Ordering food online and having it delivered is nothing new, but CargoPod has come up with a bit of a twist. CargoPod is an autonomous grocery delivery vehicle that brings your groceries to your door. The project is developed by a spinoff of the University of Oxford, Oxbotica. The vehicle is not unlike other self-driving vehicles equipped with lidar sensors and an array of cameras to help it get through traffic and obstacles. Don’t worry though, U.K. law requires there be a human behind the wheel just in case CargoPod decides to deviate from its program.

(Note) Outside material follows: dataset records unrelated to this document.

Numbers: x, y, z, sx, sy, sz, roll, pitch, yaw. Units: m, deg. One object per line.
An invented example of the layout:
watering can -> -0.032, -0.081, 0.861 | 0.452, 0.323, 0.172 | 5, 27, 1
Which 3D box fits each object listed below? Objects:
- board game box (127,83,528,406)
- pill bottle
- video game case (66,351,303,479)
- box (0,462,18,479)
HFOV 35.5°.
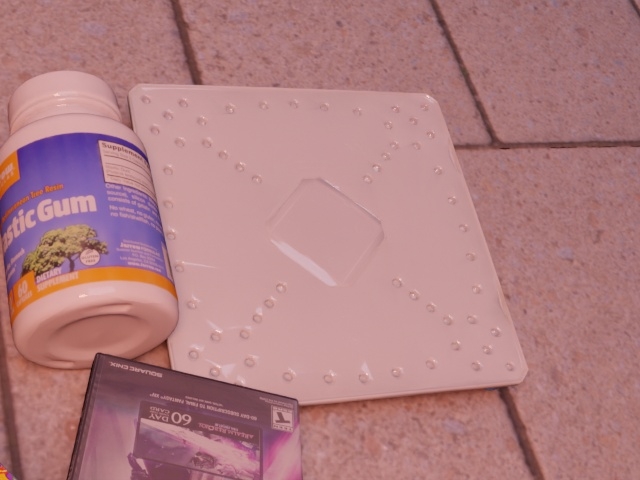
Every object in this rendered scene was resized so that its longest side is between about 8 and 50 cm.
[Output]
board game box -> 0.000, 0.000, 1.108 | 0.390, 0.050, 0.389 | -2, 61, -23
pill bottle -> -0.234, -0.026, 0.970 | 0.152, 0.152, 0.272 | -3, 59, -25
video game case -> -0.108, 0.204, 0.818 | 0.196, 0.026, 0.274 | 15, 28, -13
box -> -0.349, 0.200, 0.676 | 0.279, 0.290, 0.177 | 41, 51, 8
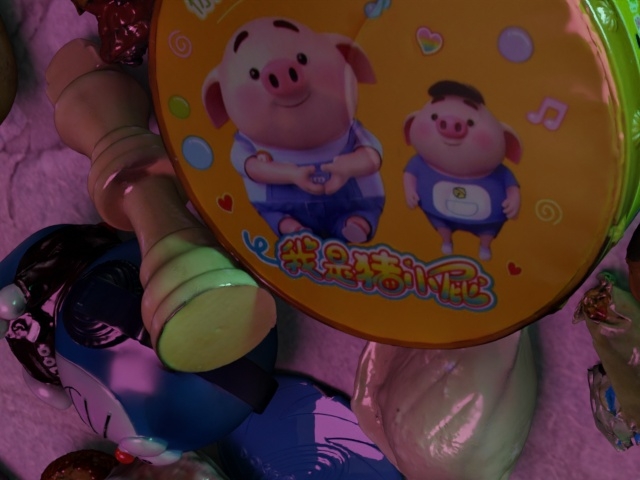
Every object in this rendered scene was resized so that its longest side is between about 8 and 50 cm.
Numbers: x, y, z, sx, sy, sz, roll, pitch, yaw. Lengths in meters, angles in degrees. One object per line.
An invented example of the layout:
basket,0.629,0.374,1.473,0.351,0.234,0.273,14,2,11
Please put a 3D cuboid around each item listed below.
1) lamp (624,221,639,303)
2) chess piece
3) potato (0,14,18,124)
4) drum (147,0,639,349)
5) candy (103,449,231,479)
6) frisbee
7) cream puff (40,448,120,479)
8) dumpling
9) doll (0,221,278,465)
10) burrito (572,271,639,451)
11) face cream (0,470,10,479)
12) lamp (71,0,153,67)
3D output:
lamp,0.344,0.022,1.095,0.185,0.161,0.161,34,130,-2
chess piece,-0.174,-0.056,1.334,0.397,0.117,0.117,57,140,36
potato,-0.411,-0.213,1.445,0.148,0.197,0.228,7,153,35
drum,0.088,-0.136,1.145,0.431,0.214,0.431,15,123,24
candy,-0.140,0.357,1.601,0.290,0.157,0.214,56,150,-13
frisbee,-0.019,0.258,1.555,0.242,0.045,0.242,16,123,27
cream puff,-0.272,0.317,1.727,0.149,0.084,0.149,15,126,22
dumpling,0.115,0.143,1.346,0.179,0.131,0.252,25,123,30
doll,-0.186,0.096,1.453,0.310,0.240,0.284,23,169,37
burrito,0.299,0.162,1.286,0.104,0.054,0.288,-18,107,41
face cream,-0.404,0.369,1.850,0.283,0.073,0.073,42,131,6
lamp,-0.220,-0.287,1.331,0.118,0.118,0.253,-30,94,41

The CargoPod has eight compartments (pods) that can hold up to three bags of groceries. When the vehicle arrives at its delivery destination, the customer is alerted through their smartphone and they come out to retrieve their goods. The groceries and vehicles are both loaded up by human workers at a distribution center, some of which are larger, traditional vans or trucks.

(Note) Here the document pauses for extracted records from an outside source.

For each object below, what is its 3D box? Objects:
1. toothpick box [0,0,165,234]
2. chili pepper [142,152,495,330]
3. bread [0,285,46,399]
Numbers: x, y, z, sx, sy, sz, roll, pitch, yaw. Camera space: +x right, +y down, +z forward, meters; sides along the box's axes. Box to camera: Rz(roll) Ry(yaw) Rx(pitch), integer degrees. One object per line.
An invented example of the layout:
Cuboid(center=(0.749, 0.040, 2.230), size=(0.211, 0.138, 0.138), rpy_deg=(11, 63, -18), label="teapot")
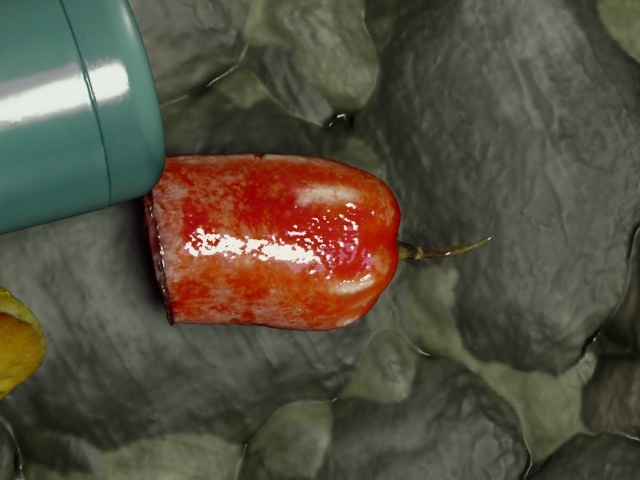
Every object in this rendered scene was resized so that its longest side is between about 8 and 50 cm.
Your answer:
Cuboid(center=(-0.173, -0.055, 0.825), size=(0.184, 0.120, 0.120), rpy_deg=(-17, 103, -13), label="toothpick box")
Cuboid(center=(0.000, 0.000, 0.919), size=(0.192, 0.084, 0.086), rpy_deg=(0, 113, -17), label="chili pepper")
Cuboid(center=(-0.235, 0.056, 0.784), size=(0.161, 0.233, 0.088), rpy_deg=(22, 47, -41), label="bread")
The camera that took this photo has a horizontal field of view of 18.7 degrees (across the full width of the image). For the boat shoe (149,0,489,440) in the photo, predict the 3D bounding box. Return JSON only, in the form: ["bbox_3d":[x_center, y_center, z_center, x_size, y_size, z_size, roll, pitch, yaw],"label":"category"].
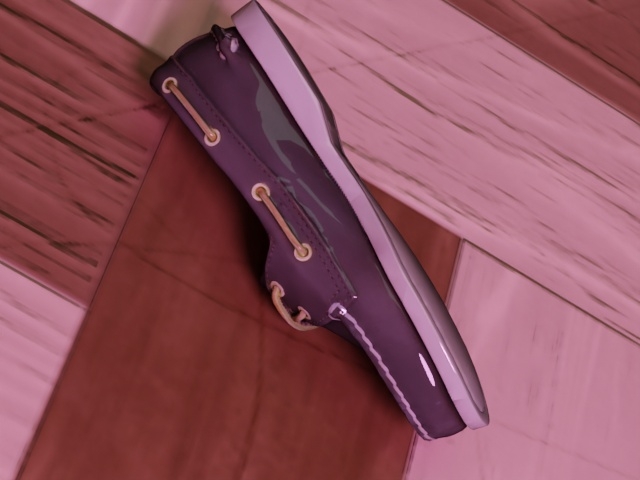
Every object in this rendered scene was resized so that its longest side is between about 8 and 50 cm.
[{"bbox_3d":[0.000,0.000,0.903,0.228,0.068,0.081,60,6,13],"label":"boat shoe"}]
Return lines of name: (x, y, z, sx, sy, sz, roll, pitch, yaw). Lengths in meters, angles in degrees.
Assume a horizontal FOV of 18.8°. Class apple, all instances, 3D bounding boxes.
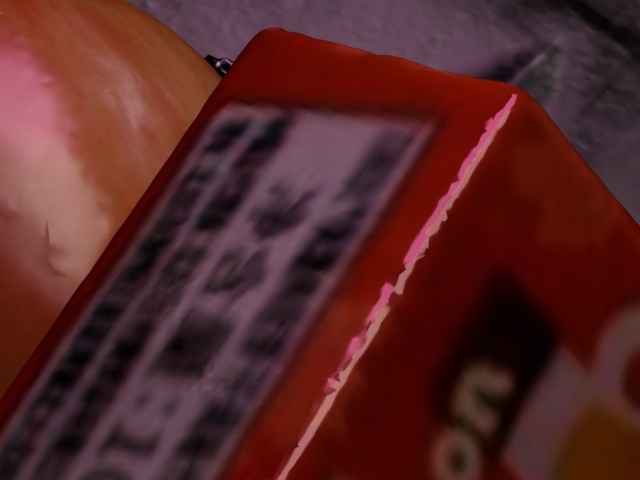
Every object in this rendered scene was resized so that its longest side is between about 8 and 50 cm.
apple: (-0.085, 0.017, 0.568, 0.199, 0.199, 0.199, 8, 50, -10)

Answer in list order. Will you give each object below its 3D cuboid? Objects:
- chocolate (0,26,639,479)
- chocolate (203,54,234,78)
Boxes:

Like other automated delivery trials in the past, such as those carried out by Amazon’s drones, the operation has a whiff of gimmick. Orders are limited to three food packs containing non-perishable goods like dried fruits or chocolate cookies, the trial will last only 10 days, and the delivery is limited to the bounds of Berkeley Homes, a gated residential development in Woolwich with limited traffic.
But this is designed to be more a proof of concept than a real commercial offering right now.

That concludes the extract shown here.